▶ _DATASET RECORDS_
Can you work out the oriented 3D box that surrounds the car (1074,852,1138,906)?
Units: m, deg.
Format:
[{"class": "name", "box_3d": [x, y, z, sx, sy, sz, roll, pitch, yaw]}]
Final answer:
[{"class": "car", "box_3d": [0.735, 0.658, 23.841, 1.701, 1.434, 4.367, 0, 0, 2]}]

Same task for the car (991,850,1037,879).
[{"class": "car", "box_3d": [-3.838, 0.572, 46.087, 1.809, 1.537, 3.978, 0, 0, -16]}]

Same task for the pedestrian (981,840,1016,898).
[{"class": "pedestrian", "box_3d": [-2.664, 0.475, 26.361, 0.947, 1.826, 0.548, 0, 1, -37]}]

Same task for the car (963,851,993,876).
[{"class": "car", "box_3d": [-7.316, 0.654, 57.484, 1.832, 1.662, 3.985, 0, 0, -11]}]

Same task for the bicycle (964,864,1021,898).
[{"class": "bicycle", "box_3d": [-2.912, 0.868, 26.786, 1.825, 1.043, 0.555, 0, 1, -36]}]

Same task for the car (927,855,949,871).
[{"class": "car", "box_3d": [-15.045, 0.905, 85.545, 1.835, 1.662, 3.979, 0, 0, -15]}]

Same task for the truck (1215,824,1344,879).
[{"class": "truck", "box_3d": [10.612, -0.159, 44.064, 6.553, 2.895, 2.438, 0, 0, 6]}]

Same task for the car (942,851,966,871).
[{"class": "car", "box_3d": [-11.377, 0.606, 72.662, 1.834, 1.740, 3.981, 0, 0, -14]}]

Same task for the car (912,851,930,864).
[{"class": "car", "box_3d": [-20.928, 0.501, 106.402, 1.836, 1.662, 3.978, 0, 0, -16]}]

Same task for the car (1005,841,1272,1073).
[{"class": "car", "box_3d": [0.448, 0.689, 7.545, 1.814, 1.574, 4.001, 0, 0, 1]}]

▶ _AIM OF THE EXERCISE_
All entries should be transcribed verbatim.

▶ _TASK RESULT_
Can you work out the oriented 3D box that surrounds the car (1074,852,1138,906)?
Units: m, deg.
Format:
[{"class": "name", "box_3d": [x, y, z, sx, sy, sz, roll, pitch, yaw]}]
Final answer:
[{"class": "car", "box_3d": [0.735, 0.658, 23.841, 1.701, 1.434, 4.367, 0, 0, 2]}]

Same task for the car (991,850,1037,879).
[{"class": "car", "box_3d": [-3.838, 0.572, 46.087, 1.809, 1.537, 3.978, 0, 0, -16]}]

Same task for the pedestrian (981,840,1016,898).
[{"class": "pedestrian", "box_3d": [-2.664, 0.475, 26.361, 0.947, 1.826, 0.548, 0, 1, -37]}]

Same task for the car (963,851,993,876).
[{"class": "car", "box_3d": [-7.316, 0.654, 57.484, 1.832, 1.662, 3.985, 0, 0, -11]}]

Same task for the bicycle (964,864,1021,898).
[{"class": "bicycle", "box_3d": [-2.912, 0.868, 26.786, 1.825, 1.043, 0.555, 0, 1, -36]}]

Same task for the car (927,855,949,871).
[{"class": "car", "box_3d": [-15.045, 0.905, 85.545, 1.835, 1.662, 3.979, 0, 0, -15]}]

Same task for the truck (1215,824,1344,879).
[{"class": "truck", "box_3d": [10.612, -0.159, 44.064, 6.553, 2.895, 2.438, 0, 0, 6]}]

Same task for the car (942,851,966,871).
[{"class": "car", "box_3d": [-11.377, 0.606, 72.662, 1.834, 1.740, 3.981, 0, 0, -14]}]

Same task for the car (912,851,930,864).
[{"class": "car", "box_3d": [-20.928, 0.501, 106.402, 1.836, 1.662, 3.978, 0, 0, -16]}]

Same task for the car (1005,841,1272,1073).
[{"class": "car", "box_3d": [0.448, 0.689, 7.545, 1.814, 1.574, 4.001, 0, 0, 1]}]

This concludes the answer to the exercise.